AAJ: How would you compare and contrast your own interests as a neuroscientist with those of Oliver Sacks?

PB: We share similar interests to the extent that we both write about neurological disorder and are drawn to unusual, striking cases. Of course, I followed his lead on that, as he had followed the pioneering Russian neuropsychologist, A. R. Luria. But there are differences in the way Sacks and I write about these things. My writing style veers more to the quasi-fictional; as well as writing about real cases, I sometimes make excursions into speculative fiction. Sacks writes inspiringly about human survival. My vision is darker, though I hope with shafts of illumination and inspiration.

Oliver Sacks is a neurologist and I'm a neuropsychologist by training, so we have taken rather different career paths in terms of clinical work. I've also spent time in basic research posts, including in the pharmaceutical industry. We share similar interests to the extent that we both write about neurological disorder and are drawn to unusual, striking cases.

AAJ: In the film, you become self-admittedly anxious when Martino asked you if you ever saw your own brain scan. What was triggered for you?

PB: First, it just hit me that this was a very unusual situation, like giving a clinical consultation but in front of the camera. I felt conflicted because I would have preferred to discuss Pat's MRI in private, yet here we were by mutual consent making a film and it was important for the film that we captured the moment on camera. And then into this unusual situation Pat flings a perfectly reasonable, but unexpected, question.

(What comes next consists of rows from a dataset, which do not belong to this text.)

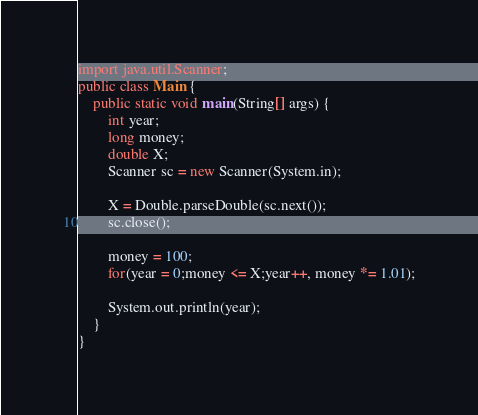<code> <loc_0><loc_0><loc_500><loc_500><_Java_>import java.util.Scanner;
public class Main {
	public static void main(String[] args) {
		int year;
		long money;
		double X;
		Scanner sc = new Scanner(System.in);
		
		X = Double.parseDouble(sc.next());
		sc.close();
		
		money = 100;
		for(year = 0;money <= X;year++, money *= 1.01);
		
		System.out.println(year);
	}
}
</code>

One that I would have welcomed in the privacy of the consulting room and perhaps used as an opportunity to talk about different personal reactions to brain imaging, but which now put me under the spotlight. The answer I gave was true. I have never been that much involved with brain imaging for research and have never sought out opportunities to be scanned, in common with most people who do this sort of work. Again, honestly, this is for no particular reason, though scans are still relatively expensive and researchers have budgets to watch so are not inclined to do such things purely for fun. Maybe if Pat agrees to take part in some further brain imaging for us I'll take my turn in the scanner and give him a picture of my brain to hang on his wall.

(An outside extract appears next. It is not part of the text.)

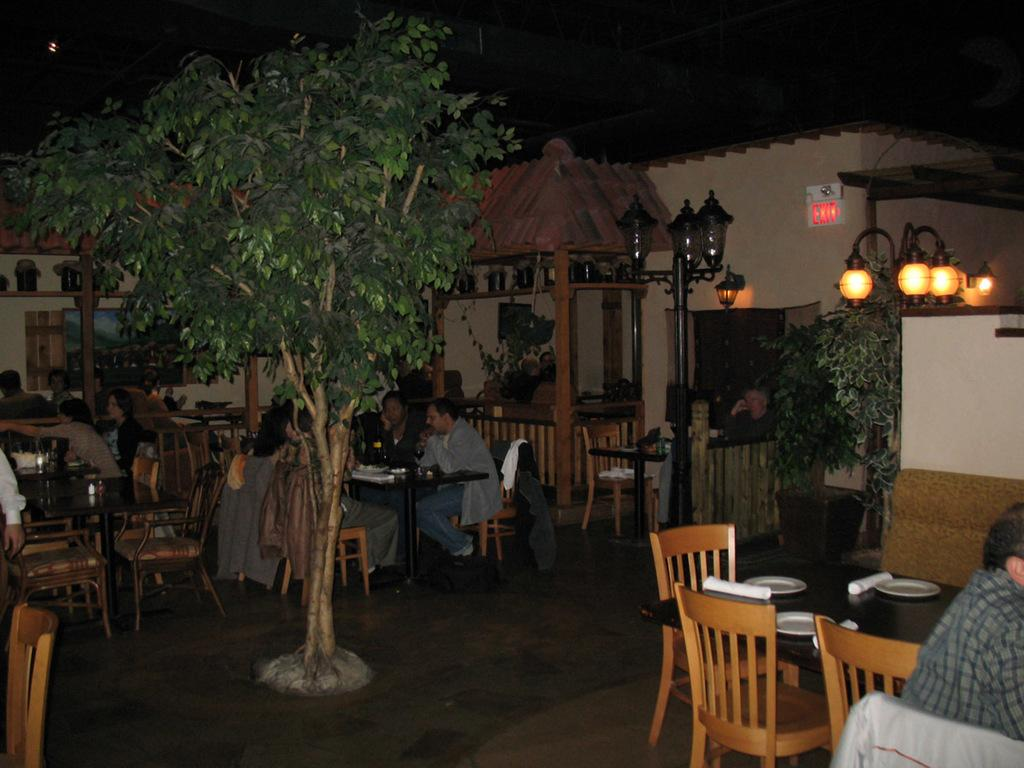What type of plant can be seen in the image? There is a tree in the image. What can be seen illuminating the area in the image? There are lights in the image. What type of furniture is present in the image? There is a chair and a table in the image. What items are on the table in the image? There are plates and napkins on the table in the image. Can you describe the person in the image? There is a person sitting in a chair in the background of the image. What is visible in the background of the image? There is a building in the background of the image. How does the earthquake affect the pot in the image? There is no earthquake or pot present in the image. What type of slip can be seen on the person's feet in the image? There is no slip or indication of footwear on the person in the image.

AAJ: Pat is a very spiritual person. By contrast, you are a neuroscientist and thus are basically materialistic in your work in terms of linking behavior and mentation to causes or correlates in the brain. What, if any, is the place of spirituality in your understanding of the personality and life itself?

PB: Spirituality and materialism are not mutually exclusive. I consider myself a spiritual person too—the spiritual intangibles of love, awe, inspiration, beauty, mystery and elevation are as important to me as to anyone else. I'm a materialist—"naturalist" is better—in the sense that I just don't believe in the spooky stuff of supernaturalism.

AAJ: Now that you've made a film, and in addition to your many other accomplishments, what do you see as your career path from here on in?

I still teach and have some involvement in clinical work but my aim now is to devote more time to writing. There's plenty to keep me busy. I'm working on a second book entitled The Laws of Magic, which explores imagination, memory and identity, and I've just been commissioned to write a regular column for the London Times. I also have a new play opening in London later this year, On Emotion, co-written with the brilliant director Mick Gordon. In addition, one hopes there might arise opportunities to develop Pat's story in other ways. Who knows?